The heart of the DPS considered in this paper is an LTCC pressure sensor in the Wheatstone configuration (
Figure 1), which is a slightly modified successor of the sensors that have been proven appropriate for measurements of the air pressure in water-rich environments [
12]. For wet-wet measurements the functional thick-film resistors are covered with a thin protective film or are buried in an LTCC structure with the additional 50 µm LTCC layer on the top surface. The LTCC sensor is glued in an appropriate plastic housing where it is fixed in a cantilever form. The selected plastic housing serves as an alternative to a more expensive metal housing. A special two-part construction of the housing enables direct contact of the sensing diaphragm with the pressure media, while the electric connections and readout electronics parts can be protected from it. Such a structure provides good mechanical isolation of the sensing diaphragm from the stresses that can originate from the housing. However, the residual stresses introduced in the structure when curing the adhesive may affect the sensor characteristics.
Figure 1.
Schematic presentation of the cross section of the LTCC sensor in the housing for differential pressure measurements in a wet-wet application.
Figure 1.
Schematic presentation of the cross section of the LTCC sensor in the housing for differential pressure measurements in a wet-wet application.

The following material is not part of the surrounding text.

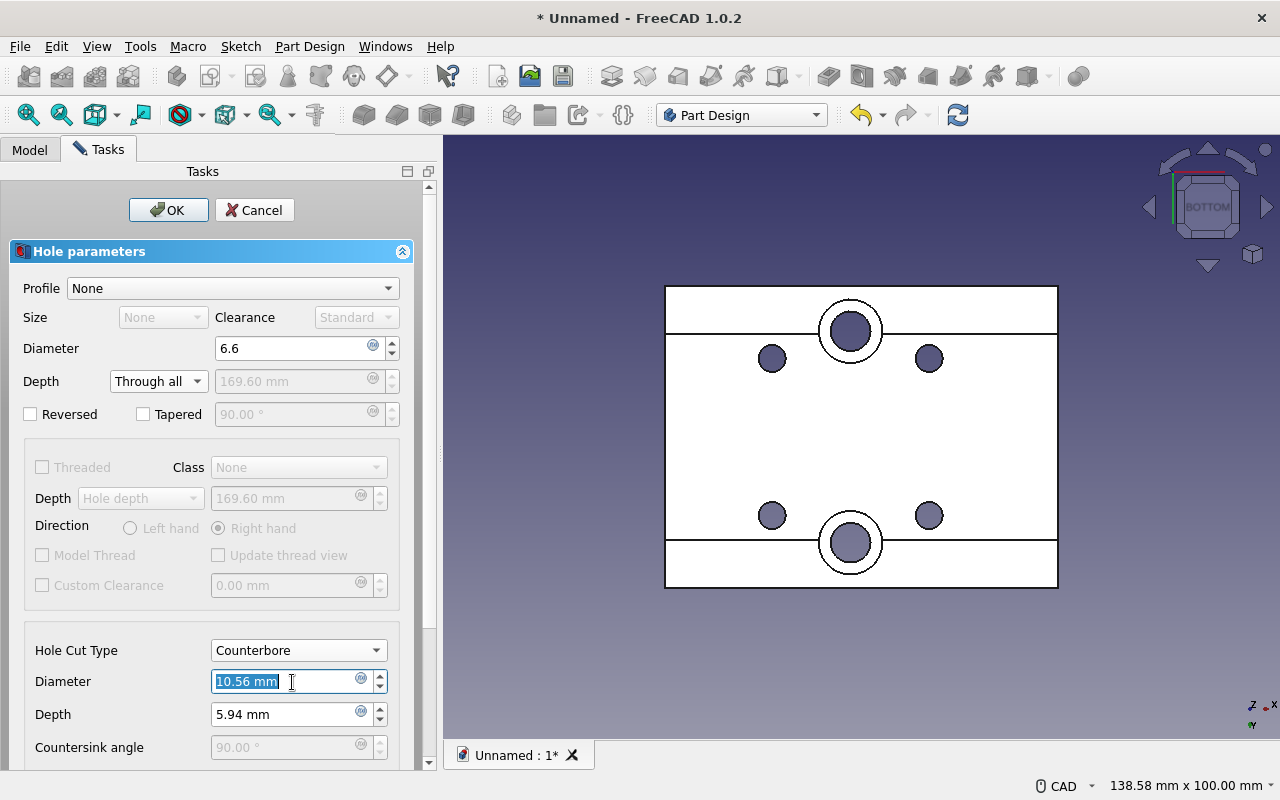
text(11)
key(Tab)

We investigated possible adverse impact of packaging on the characteristics of LTCC pressure sensors. The main goal of our study was to find an appropriate adhesive material and to optimize the technological procedure. We analyzed to what extent the residual stresses introduced into the sensor structure while curing the adhesive critically affect sensor’s key performances. Numerical predictions were used to show the trends and help explain the effects of the individual material/process parameters.
2.2. Envisioned Problems
Initially we used finite-element analyses (FEA) to study the influence of the housing on the characteristics of the low-pressure LTCC sensors (for the pressure range up to 100 mbar) where silicone adhesive can be used and continued with specific requirements for high pressure sensors (up to 10 bar). In the latter case, epoxy-based adhesives, which will be able to withstand the stresses expected in the overload regime, are more appropriate. The epoxy adhesives have relatively high Young’s modulus (of about 3 GPa) and coefficients of the thermal expansion (CTE) > 70 × 10−6 K−1, so that significant residual stresses can remain after curing at elevated temperature of 150 °C. The curing-induced residual stresses may also enhance the internal stresses in the sensor structure under the pressure loads and so adversely influence the sensor’s burst pressure. For the low-pressure sensors, our analysis showed that in spite of the optimized construction (with good stress isolation of the sensing diaphragm), curing at 150 °C may contribute to non-negligible residual stresses influencing the offset and the temperature stability of the sensors’ characteristics. In this respect, proper selection of the adhesive material remains an essential issue. The simulations (i.e., thermal-structural analyses) indirectly revealed the critical points in the manufacturing process and helped in design and process optimisation in the early prototyping phase.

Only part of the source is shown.